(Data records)

[Start of section]

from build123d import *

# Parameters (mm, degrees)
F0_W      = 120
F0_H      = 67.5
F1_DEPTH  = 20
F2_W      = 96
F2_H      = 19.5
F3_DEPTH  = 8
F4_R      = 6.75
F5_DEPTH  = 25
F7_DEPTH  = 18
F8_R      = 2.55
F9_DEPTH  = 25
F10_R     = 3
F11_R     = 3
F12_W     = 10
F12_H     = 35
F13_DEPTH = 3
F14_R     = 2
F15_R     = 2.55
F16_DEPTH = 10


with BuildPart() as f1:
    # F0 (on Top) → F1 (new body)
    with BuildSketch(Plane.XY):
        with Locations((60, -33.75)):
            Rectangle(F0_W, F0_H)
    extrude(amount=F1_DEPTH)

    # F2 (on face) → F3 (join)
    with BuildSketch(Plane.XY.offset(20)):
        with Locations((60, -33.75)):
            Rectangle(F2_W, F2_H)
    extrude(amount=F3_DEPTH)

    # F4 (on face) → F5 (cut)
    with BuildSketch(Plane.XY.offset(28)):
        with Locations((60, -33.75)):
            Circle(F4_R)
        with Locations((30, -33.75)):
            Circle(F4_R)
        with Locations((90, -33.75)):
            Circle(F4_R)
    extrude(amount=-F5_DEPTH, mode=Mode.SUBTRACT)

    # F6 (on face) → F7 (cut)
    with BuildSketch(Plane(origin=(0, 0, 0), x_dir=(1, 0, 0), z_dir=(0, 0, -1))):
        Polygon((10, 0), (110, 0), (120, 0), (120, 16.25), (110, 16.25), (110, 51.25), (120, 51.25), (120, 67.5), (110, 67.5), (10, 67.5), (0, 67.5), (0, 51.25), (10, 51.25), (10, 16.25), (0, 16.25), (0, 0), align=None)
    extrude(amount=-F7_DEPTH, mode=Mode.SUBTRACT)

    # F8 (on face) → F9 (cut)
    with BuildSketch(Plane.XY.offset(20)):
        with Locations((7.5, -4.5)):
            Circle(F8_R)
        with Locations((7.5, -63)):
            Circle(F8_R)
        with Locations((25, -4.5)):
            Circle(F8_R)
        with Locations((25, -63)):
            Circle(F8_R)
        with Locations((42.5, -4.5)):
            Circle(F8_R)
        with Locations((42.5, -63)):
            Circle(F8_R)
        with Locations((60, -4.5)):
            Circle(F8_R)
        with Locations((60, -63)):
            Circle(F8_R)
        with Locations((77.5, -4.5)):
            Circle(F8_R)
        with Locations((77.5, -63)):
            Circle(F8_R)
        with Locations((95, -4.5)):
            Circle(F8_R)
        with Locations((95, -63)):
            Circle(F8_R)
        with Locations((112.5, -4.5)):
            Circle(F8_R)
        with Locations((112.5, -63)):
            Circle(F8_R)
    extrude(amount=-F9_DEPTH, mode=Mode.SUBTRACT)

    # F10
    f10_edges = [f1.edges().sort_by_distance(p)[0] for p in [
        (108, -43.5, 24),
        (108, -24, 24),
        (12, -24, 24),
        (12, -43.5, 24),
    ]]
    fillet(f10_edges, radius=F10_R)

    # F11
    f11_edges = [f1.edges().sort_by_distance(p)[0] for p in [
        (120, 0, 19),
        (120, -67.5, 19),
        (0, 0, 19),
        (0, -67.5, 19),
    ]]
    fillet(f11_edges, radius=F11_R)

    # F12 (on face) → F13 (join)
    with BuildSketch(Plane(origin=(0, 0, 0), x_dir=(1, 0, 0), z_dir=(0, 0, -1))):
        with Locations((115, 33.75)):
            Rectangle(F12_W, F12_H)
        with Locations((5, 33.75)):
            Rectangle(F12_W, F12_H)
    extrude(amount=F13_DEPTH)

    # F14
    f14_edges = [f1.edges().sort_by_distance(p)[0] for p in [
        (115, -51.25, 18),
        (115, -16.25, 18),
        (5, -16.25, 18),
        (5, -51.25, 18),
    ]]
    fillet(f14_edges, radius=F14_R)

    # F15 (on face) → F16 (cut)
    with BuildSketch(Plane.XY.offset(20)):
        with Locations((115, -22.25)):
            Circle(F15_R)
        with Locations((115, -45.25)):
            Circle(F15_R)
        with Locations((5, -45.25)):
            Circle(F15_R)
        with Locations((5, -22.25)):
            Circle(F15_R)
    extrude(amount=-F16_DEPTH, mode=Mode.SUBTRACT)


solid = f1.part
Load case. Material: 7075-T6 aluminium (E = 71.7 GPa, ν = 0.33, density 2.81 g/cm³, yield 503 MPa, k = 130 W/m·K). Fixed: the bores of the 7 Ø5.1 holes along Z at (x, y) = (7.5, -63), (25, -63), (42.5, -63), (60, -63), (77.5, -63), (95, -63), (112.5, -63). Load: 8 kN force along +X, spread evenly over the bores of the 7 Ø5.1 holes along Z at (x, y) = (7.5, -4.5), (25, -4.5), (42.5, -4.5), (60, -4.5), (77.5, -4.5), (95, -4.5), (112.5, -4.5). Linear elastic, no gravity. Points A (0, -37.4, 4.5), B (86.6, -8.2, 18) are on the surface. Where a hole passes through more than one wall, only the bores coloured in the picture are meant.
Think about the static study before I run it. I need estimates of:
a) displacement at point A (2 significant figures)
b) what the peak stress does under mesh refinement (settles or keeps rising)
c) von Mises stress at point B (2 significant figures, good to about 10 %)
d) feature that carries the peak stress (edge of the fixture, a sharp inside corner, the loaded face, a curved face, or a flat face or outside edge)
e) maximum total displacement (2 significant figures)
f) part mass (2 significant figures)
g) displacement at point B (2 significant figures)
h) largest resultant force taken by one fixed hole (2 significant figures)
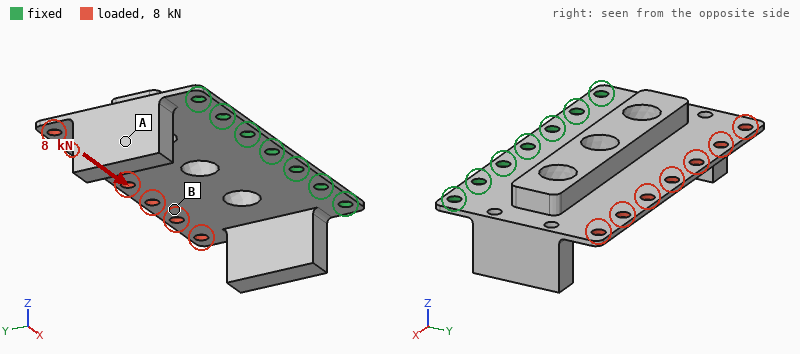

[End of section]

# WHAT IS REQUIRED
Return all lines of the data in which the string "mode" appears.

# WRITTEN RESPONSE
    extrude(amount=-F5_DEPTH, mode=Mode.SUBTRACT)
    extrude(amount=-F7_DEPTH, mode=Mode.SUBTRACT)
    extrude(amount=-F9_DEPTH, mode=Mode.SUBTRACT)
    extrude(amount=-F16_DEPTH, mode=Mode.SUBTRACT)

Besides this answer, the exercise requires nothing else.